§ EXERCISE DIRECTIONS: Each entry below is to be reproduced exactly, though any pictures it holds must be omitted.

§ GIVEN DATA:
***

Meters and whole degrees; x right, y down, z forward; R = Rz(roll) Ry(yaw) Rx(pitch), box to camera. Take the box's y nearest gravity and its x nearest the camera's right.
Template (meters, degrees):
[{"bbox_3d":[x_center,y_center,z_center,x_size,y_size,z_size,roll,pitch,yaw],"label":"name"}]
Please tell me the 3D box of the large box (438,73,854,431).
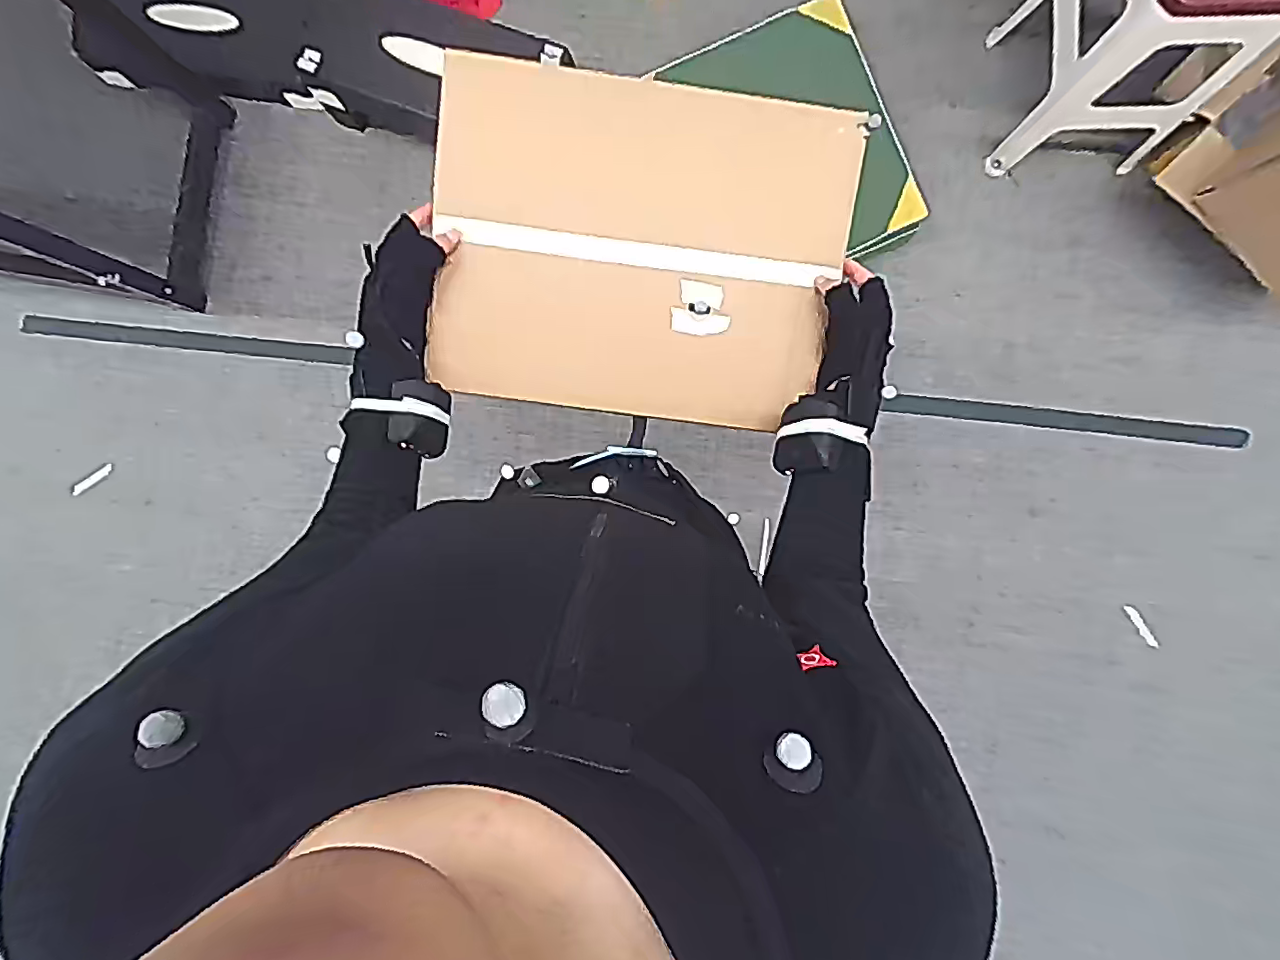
[{"bbox_3d":[-0.005,-0.245,0.698,0.408,0.320,0.320,7,99,-3],"label":"large box"}]

***

§ SOLUTION FOR THIS EXERCISE:
Meters and whole degrees; x right, y down, z forward; R = Rz(roll) Ry(yaw) Rx(pitch), box to camera. Take the box's y nearest gravity and its x nearest the camera's right.
Template (meters, degrees):
[{"bbox_3d":[x_center,y_center,z_center,x_size,y_size,z_size,roll,pitch,yaw],"label":"name"}]
Please tell me the 3D box of the large box (438,73,854,431).
[{"bbox_3d":[-0.005,-0.245,0.698,0.408,0.320,0.320,7,99,-3],"label":"large box"}]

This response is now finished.